Like Carr, he proposes that we give up formula dieting, that we eat what we want, and without guilt. Who knows? Freed from the tyranny of calorie counting, we might even lose weight. And, if he's not the first person to suggest this, he is (surely?) the first to promise: "If you follow this book scrupulously, you will be exactly as fat as you want to be."

I'm not sure what he's up to, if he truly believes that fat could any minute be back in fashion, or if this is, after all, just another manual for slimmers, in heavy disguise. His audience is, after all, Allen Carr's audience. They are both after the slimmers, now, as they were after the smokers. They are the Box and Cox of self-help publishing. Be that as it may, Eat Fat is an entertaining and provoking read. Hillel Schwarz got there before Klein, with his scholarly Never Satisfied. But then, as we have seen, there is nothing new under the sun.

`Easyweigh to Lose Weight' by Allen Carr, is published by Penguin, pounds 5.99; `Eat Fat' by Richard Klein is published by Picador, pounds 15.99

Weighty words

"The Creator has provided all living creatures, including us, with a manufacturer's guide. Wild animals follow it! That's why they don't suffer the problems of being overweight."

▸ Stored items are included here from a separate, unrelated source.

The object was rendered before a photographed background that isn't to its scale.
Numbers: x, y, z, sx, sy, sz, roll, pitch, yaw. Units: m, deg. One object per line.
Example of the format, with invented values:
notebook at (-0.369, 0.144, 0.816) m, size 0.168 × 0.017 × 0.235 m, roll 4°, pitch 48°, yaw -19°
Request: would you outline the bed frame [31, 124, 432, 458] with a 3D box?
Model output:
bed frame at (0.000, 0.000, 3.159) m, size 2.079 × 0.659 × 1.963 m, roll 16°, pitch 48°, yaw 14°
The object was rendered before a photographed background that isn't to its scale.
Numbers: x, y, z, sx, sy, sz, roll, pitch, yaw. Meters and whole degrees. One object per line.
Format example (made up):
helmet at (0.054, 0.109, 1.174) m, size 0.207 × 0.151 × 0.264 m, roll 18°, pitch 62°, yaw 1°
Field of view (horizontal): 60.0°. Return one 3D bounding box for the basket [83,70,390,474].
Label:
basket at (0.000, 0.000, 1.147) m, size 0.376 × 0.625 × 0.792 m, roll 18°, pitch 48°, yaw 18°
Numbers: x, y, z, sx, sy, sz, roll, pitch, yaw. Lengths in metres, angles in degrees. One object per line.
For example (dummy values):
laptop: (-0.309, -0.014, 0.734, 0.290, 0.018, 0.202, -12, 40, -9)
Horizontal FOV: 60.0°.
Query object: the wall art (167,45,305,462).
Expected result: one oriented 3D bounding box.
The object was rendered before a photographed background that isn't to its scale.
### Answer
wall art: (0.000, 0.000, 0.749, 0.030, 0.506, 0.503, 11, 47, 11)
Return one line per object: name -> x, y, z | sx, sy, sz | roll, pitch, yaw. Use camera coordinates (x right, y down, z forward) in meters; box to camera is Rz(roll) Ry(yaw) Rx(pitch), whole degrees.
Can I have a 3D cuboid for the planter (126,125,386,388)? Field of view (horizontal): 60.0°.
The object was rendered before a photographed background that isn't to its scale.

"Do you ever hear of a tiger needing false teeth, a hearing aid and spectacles, or a toupee, or a pacemaker? Do wild animals need dialysis machines for their kidneys? Do they die from strokes, heart disease, cancer or diabetes? Isn't it obvious that these diseases are a direct result of what we eat?"

"Wouldn't it be nice if you knew for certain the exact weight you should be? You can! It's the weight you happen to be when, clad only in underwear, you can stare at your reflection in a full-length mirror and admire what you see. It's the weight you are when you wake up each morning completely rested, bursting with energy, looking forward to each day with genuine joie de vivre."

"The beauty of Easyweigh is that you aren't going on a diet, you are merely changing your eating habits. Once you have planted grass seed, you don't have to sit around waiting for the grass to grow."

"Most people who claim to be experts on the subject maintain that regular exercise is essential to a successful weight-control programme, but exercise is really just another red herring. You don't see snails and tortoises rushing about all over the place, but they aren't overweight."

"The termites' diet consists of wood. Not very appetising, you might think. Not for you or me, perhaps, but why else would termites eat it, if they didn't enjoy it? Having learned to digest wood, they have guaranteed themselves an everlasting supply of free and available meals."

"It's all very well for gorillas to roam around all day, picking a banana whenever they feel a little bit peckish, but most of us have to work during the day. This is no problem because the (Easyweigh) system is flexible."